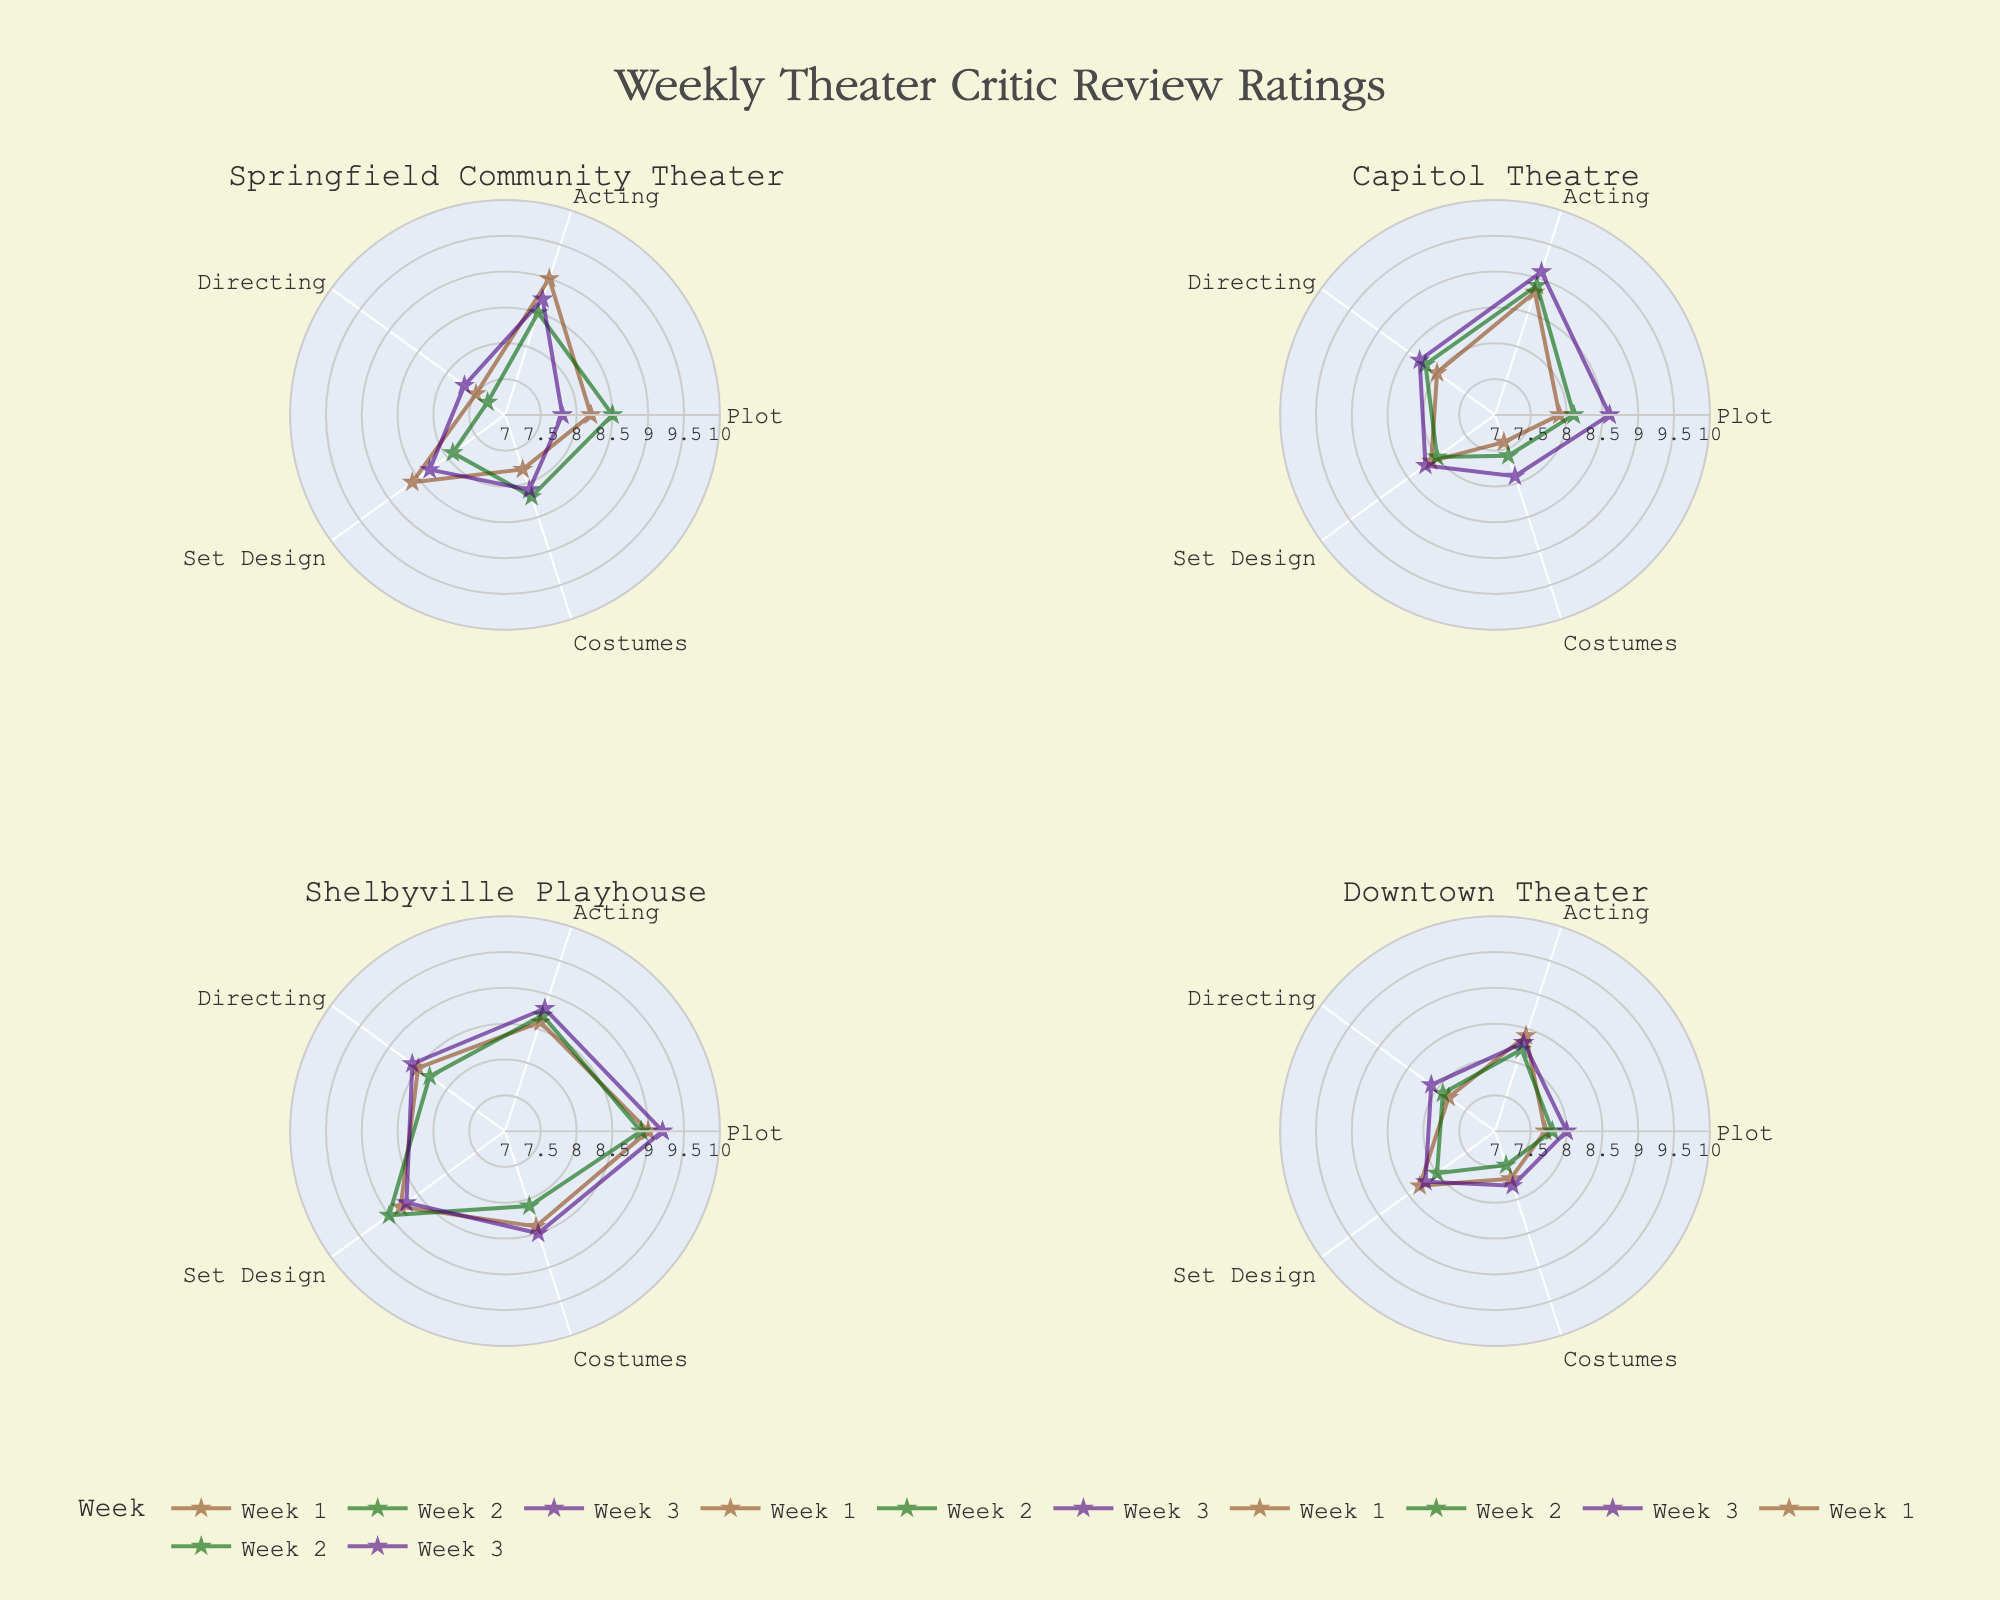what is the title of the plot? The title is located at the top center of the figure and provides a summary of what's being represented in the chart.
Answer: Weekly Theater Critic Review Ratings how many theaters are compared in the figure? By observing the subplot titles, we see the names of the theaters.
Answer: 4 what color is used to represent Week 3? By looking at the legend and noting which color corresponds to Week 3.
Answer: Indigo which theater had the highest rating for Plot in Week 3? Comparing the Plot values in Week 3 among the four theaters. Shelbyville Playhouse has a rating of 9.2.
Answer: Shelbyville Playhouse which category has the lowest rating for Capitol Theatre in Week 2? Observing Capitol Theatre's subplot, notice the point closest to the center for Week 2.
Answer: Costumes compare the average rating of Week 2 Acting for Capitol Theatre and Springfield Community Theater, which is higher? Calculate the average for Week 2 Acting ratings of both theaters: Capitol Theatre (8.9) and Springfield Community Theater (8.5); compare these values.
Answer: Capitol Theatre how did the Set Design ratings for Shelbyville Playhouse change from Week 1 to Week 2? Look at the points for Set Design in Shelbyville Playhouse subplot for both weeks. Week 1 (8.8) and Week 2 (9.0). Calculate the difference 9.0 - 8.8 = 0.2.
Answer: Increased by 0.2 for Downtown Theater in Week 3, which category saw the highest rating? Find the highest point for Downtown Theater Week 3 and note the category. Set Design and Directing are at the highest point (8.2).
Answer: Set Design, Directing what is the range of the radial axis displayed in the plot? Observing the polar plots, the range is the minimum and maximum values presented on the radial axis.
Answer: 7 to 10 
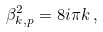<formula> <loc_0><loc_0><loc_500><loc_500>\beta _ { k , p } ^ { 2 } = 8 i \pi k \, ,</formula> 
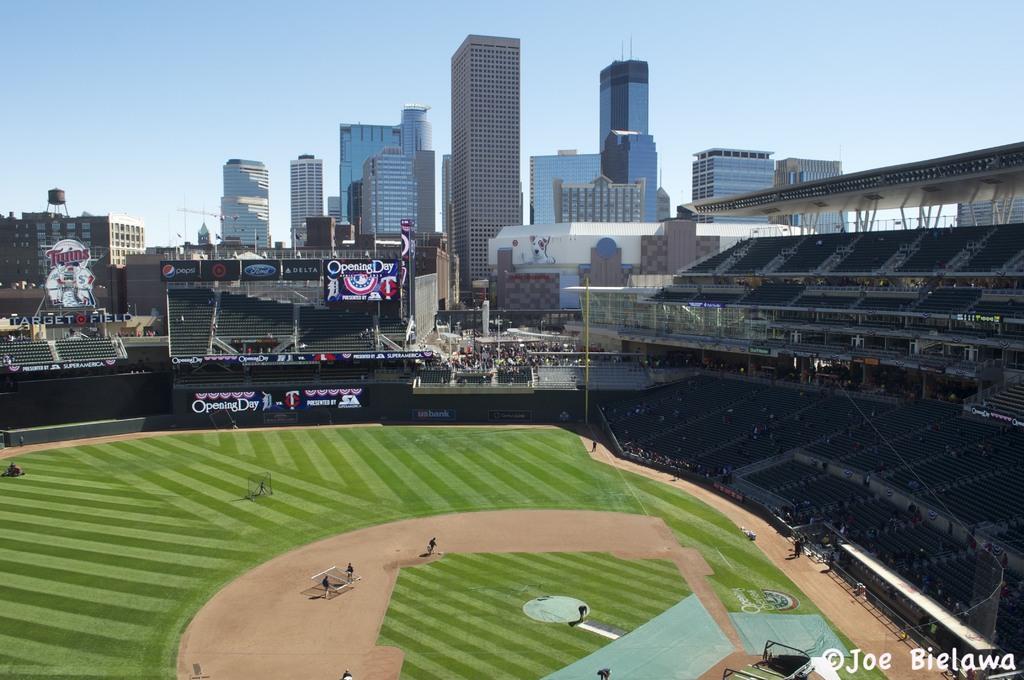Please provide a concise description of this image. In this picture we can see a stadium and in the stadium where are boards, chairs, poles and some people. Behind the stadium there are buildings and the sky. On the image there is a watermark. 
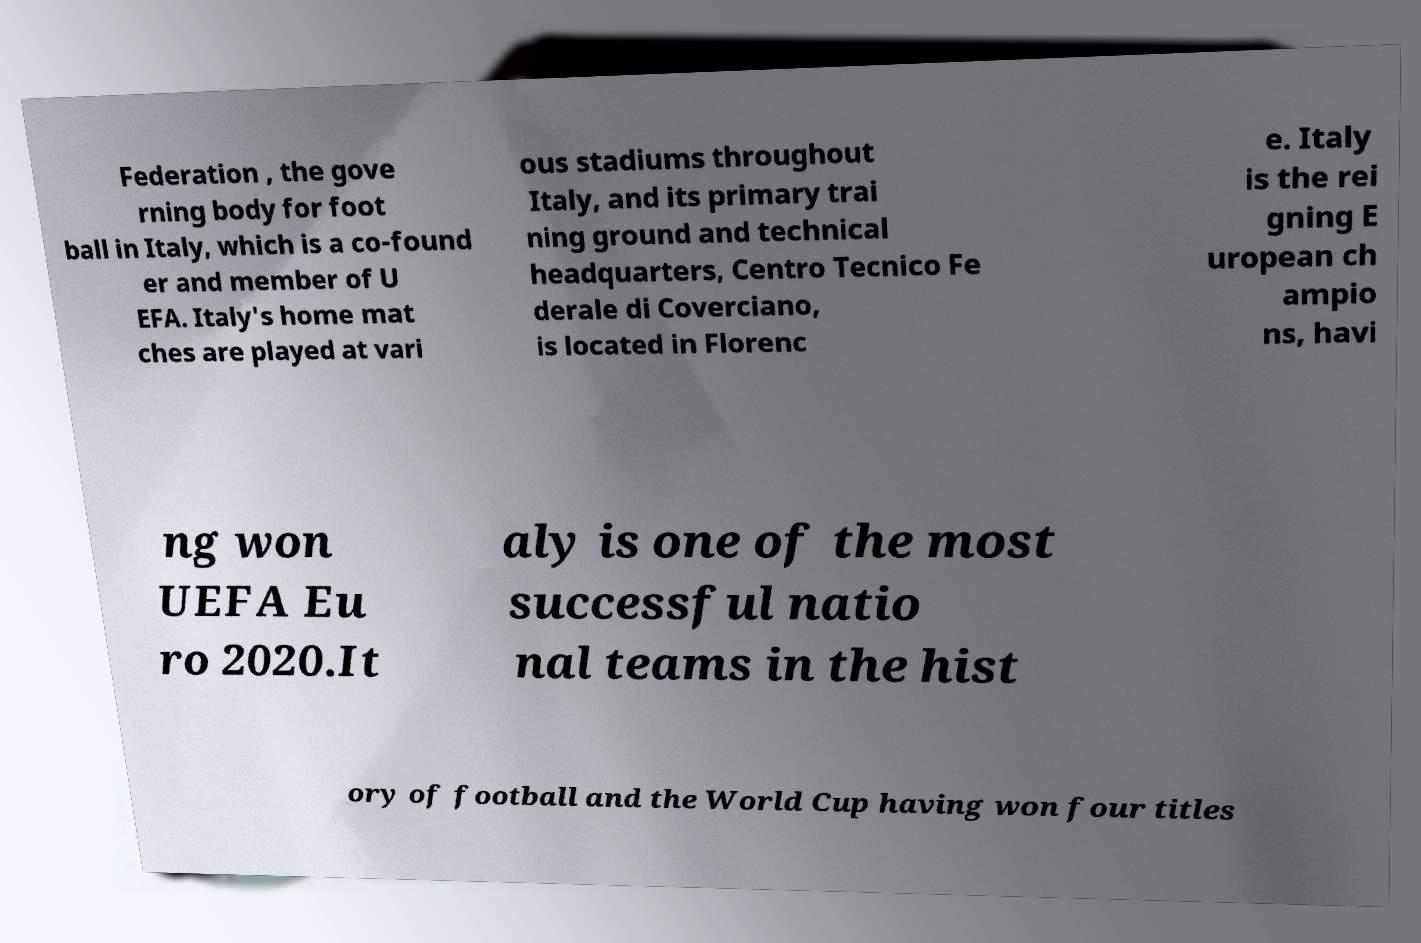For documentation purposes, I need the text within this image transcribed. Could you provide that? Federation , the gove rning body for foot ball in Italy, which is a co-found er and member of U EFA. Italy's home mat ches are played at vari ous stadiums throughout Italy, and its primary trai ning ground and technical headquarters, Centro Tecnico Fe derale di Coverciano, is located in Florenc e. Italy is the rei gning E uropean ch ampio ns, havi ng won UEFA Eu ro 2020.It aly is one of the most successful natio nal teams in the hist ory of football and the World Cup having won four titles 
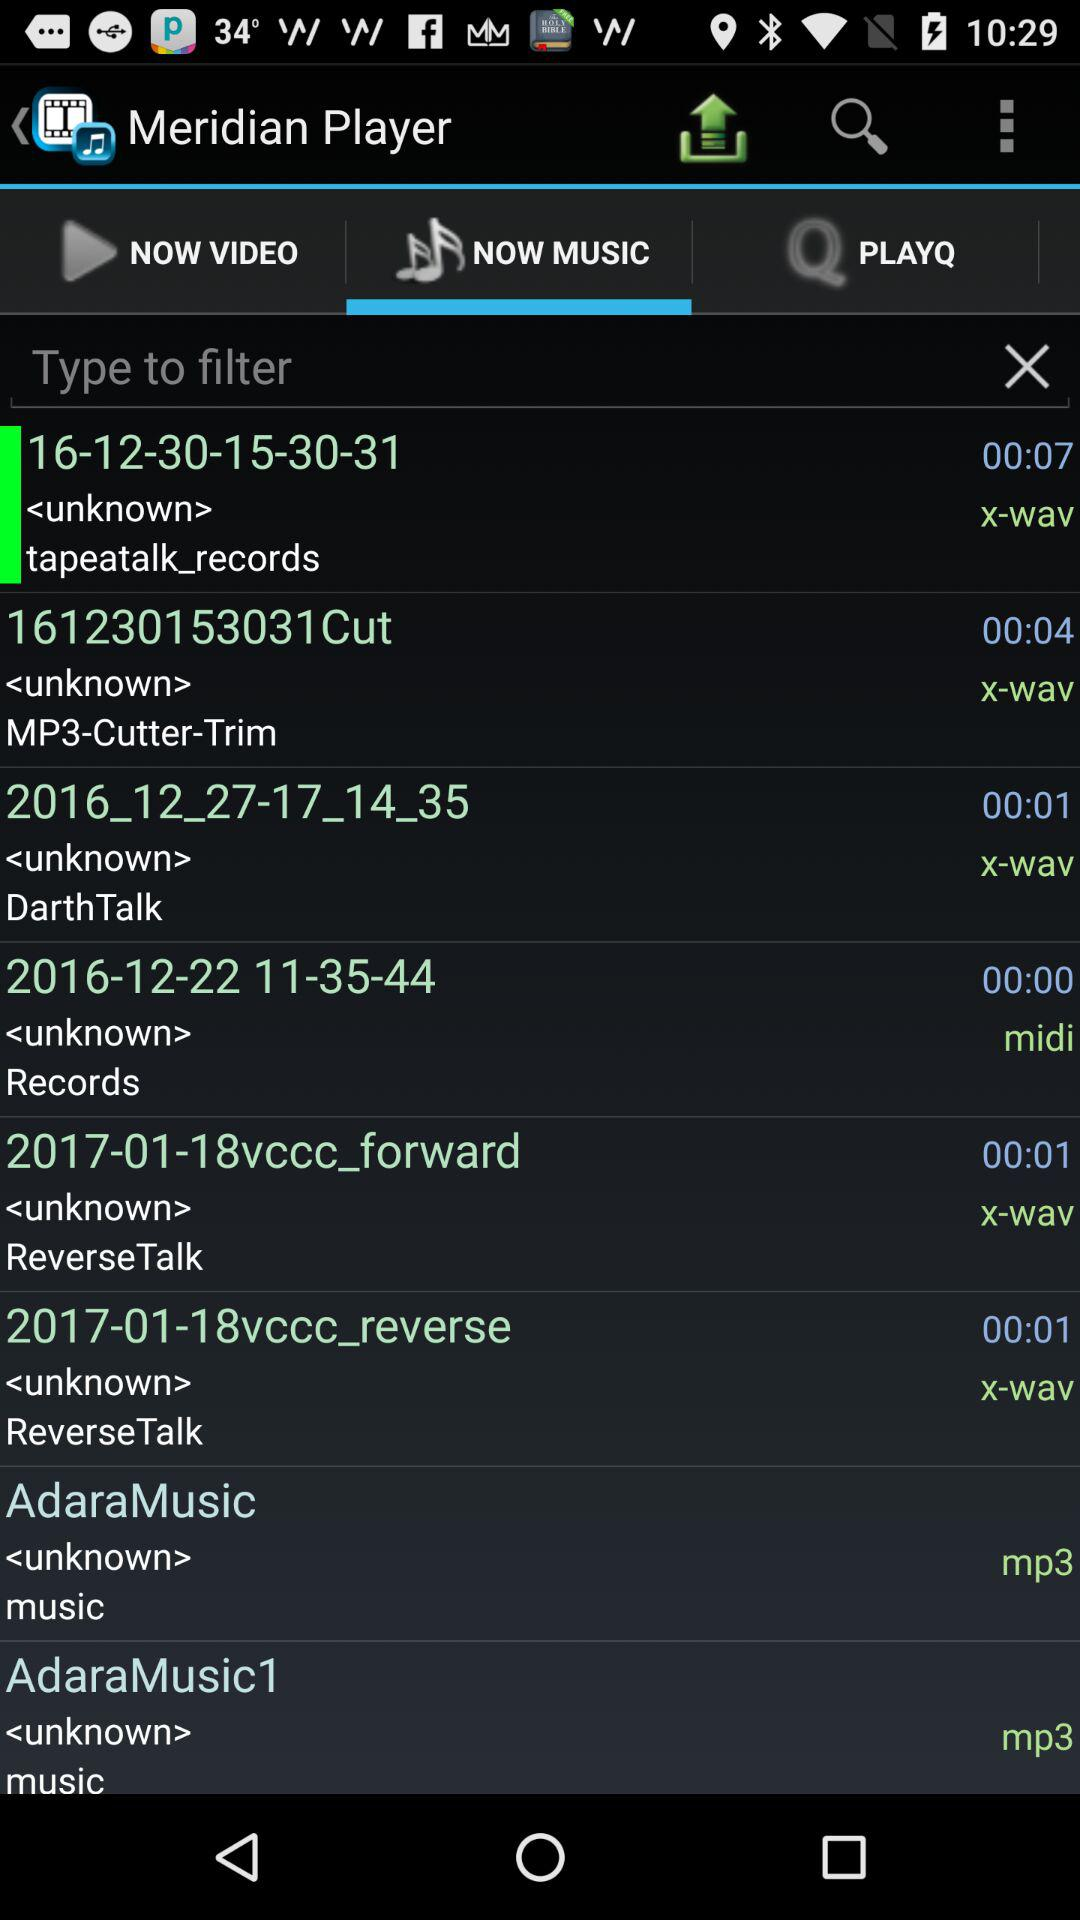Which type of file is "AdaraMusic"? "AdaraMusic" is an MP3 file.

※

What needs to be done:
Go through the entries and filter for lines holding the word "Capitol"; copy each match.

Exercise response:
Answer: Shelbyville Playhouse which category has the lowest rating for Capitol Theatre in Week 2? Observing Capitol Theatre's subplot, notice the point closest to the center for Week 2.
Answer: Costumes compare the average rating of Week 2 Acting for Capitol Theatre and Springfield Community Theater, which is higher? Calculate the average for Week 2 Acting ratings of both theaters: Capitol Theatre (8.9) and Springfield Community Theater (8.5); compare these values.
Answer: Capitol Theatre how did the Set Design ratings for Shelbyville Playhouse change from Week 1 to Week 2? Look at the points for Set Design in Shelbyville Playhouse subplot for both weeks. Week 1 (8.8) and Week 2 (9.0). Calculate the difference 9.0 - 8.8 = 0.2.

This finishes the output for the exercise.